- Task objective:
Pictures stay out of your copy, but everything else in the records below must be repeated exactly.

::::

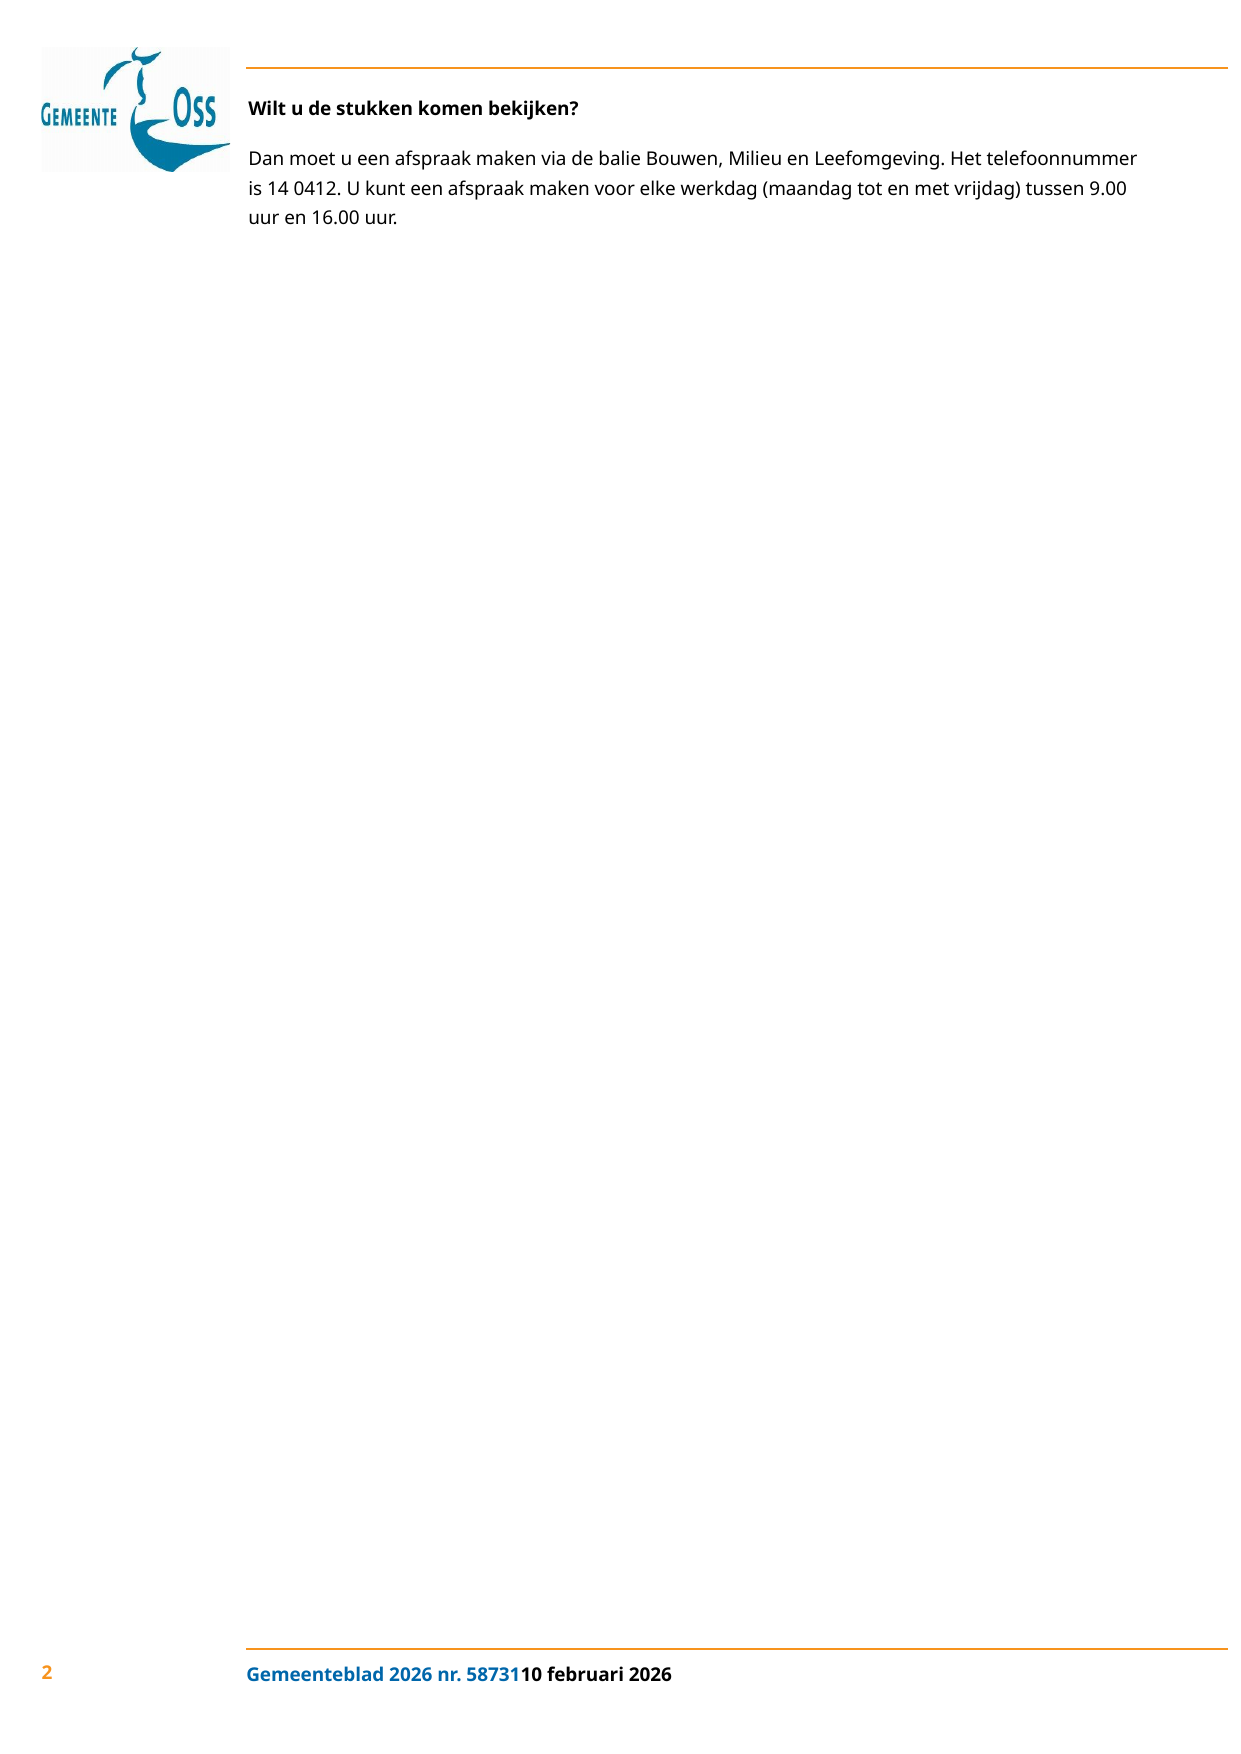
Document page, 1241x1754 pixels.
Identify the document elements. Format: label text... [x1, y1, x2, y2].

picture [41, 47, 231, 172]
text Dan moet u een afspraak maken via de balie Bouwen, Milieu en Leefomgeving. Het telefoonnummer is 14 0412. U kunt een afspraak maken voor elke werkdag (maandag tot en met vrijdag) tussen 9.00 uur en 16.00 uur. [248, 145, 1152, 230]
text Wilt u de stukken komen bekijken? [248, 95, 1152, 121]

::::

- Solved problem:
Document page, 1241x1754 pixels.
Identify the document elements. Format: label text... [x1, y1, x2, y2].

picture [41, 47, 231, 172]
text Dan moet u een afspraak maken via de balie Bouwen, Milieu en Leefomgeving. Het telefoonnummer is 14 0412. U kunt een afspraak maken voor elke werkdag (maandag tot en met vrijdag) tussen 9.00 uur en 16.00 uur. [248, 145, 1152, 230]
text Wilt u de stukken komen bekijken? [248, 95, 1152, 121]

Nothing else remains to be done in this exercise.